Retype the opening lines of the data exactly, stopping after the line that contains "list dit besluit". Skip every picture.

(Data records)

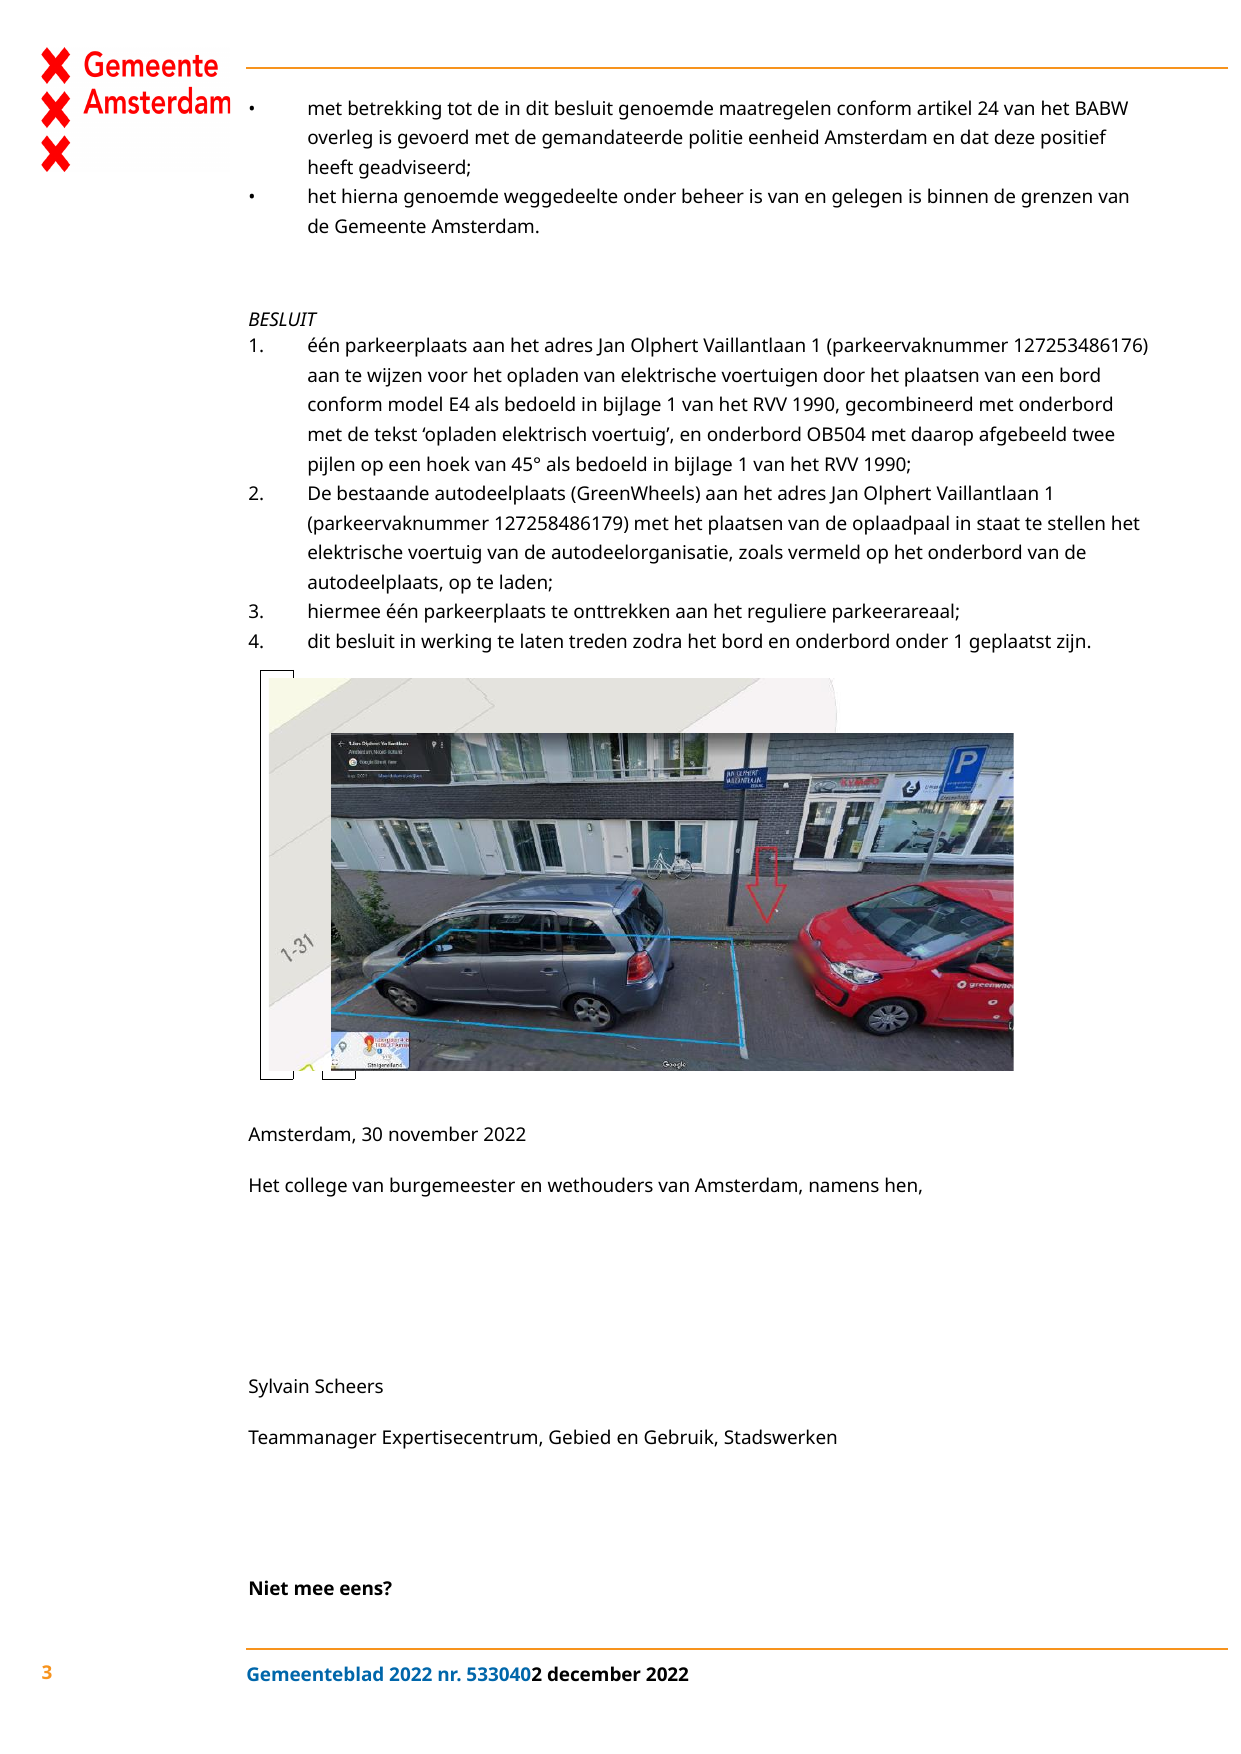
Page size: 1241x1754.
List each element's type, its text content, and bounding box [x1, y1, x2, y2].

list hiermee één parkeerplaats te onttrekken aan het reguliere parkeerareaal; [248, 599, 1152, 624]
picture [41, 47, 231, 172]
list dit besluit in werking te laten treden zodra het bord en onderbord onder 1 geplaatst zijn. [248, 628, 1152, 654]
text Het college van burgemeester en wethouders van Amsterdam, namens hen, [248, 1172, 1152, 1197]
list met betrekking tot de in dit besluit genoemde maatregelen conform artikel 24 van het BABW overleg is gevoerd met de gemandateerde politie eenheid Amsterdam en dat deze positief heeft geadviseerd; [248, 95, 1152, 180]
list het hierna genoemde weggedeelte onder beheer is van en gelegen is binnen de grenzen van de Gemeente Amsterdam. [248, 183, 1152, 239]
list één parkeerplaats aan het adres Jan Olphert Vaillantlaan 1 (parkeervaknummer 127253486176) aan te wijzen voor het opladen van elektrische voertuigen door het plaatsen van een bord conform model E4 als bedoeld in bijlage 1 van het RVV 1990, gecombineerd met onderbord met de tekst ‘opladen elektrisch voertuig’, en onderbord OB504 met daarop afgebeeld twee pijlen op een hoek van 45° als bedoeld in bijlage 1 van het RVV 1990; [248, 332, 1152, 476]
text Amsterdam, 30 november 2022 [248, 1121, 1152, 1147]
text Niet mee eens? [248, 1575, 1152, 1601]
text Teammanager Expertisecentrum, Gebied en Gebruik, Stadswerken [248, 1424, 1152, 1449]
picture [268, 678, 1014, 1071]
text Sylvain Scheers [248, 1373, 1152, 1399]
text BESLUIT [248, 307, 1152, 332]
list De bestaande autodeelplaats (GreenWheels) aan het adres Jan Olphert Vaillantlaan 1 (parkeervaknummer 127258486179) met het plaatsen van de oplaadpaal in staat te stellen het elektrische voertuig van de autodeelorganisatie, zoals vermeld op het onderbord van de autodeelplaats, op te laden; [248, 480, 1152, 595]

(End Data records)

Answer for this exercise
Page size: 1241x1754.
List each element's type, its text content, and bounding box [x1, y1, x2, y2].

list hiermee één parkeerplaats te onttrekken aan het reguliere parkeerareaal; [248, 599, 1152, 624]
picture [41, 47, 231, 172]
list dit besluit in werking te laten treden zodra het bord en onderbord onder 1 geplaatst zijn. [248, 628, 1152, 654]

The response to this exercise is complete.